* [GIVEN RECORDS]
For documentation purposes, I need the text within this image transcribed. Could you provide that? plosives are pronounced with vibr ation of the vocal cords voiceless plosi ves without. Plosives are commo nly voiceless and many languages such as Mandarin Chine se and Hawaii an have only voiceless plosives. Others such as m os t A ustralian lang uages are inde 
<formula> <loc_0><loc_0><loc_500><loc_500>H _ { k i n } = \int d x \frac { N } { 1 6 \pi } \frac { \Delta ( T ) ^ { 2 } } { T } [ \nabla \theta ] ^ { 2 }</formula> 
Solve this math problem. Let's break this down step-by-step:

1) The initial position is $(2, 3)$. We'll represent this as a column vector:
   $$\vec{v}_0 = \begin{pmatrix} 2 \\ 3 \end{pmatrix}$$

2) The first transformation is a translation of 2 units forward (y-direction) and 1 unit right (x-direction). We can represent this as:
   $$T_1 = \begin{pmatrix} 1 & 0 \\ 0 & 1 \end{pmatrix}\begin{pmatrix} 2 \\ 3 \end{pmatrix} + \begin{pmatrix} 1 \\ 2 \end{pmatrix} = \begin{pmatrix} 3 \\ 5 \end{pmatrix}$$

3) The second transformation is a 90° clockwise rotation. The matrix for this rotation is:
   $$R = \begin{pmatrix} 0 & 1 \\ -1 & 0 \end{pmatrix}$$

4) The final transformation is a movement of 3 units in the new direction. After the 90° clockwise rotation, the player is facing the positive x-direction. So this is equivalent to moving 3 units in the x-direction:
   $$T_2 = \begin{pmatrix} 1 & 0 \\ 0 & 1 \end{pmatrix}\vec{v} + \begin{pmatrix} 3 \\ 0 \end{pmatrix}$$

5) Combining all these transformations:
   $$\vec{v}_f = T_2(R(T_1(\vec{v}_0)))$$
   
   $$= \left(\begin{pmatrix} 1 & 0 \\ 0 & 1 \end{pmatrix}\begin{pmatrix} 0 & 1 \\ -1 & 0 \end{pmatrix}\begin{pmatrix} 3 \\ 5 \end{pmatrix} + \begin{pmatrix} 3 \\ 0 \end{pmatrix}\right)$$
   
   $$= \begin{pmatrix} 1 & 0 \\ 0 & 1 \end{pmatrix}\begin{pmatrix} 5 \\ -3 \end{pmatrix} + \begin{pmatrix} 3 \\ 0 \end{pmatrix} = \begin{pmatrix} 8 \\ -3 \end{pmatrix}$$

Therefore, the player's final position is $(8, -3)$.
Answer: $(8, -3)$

* [HOW TO COMPLETE THIS TASK]
Reproducing the whole listing above is not the task. Copy exactly only the lines from the one with "Solve this math" to the one with "2) The first", both kept.

* [REPLY]
Solve this math problem. Let's break this down step-by-step:

1) The initial position is $(2, 3)$. We'll represent this as a column vector:
   $$\vec{v}_0 = \begin{pmatrix} 2 \\ 3 \end{pmatrix}$$

2) The first transformation is a translation of 2 units forward (y-direction) and 1 unit right (x-direction). We can represent this as:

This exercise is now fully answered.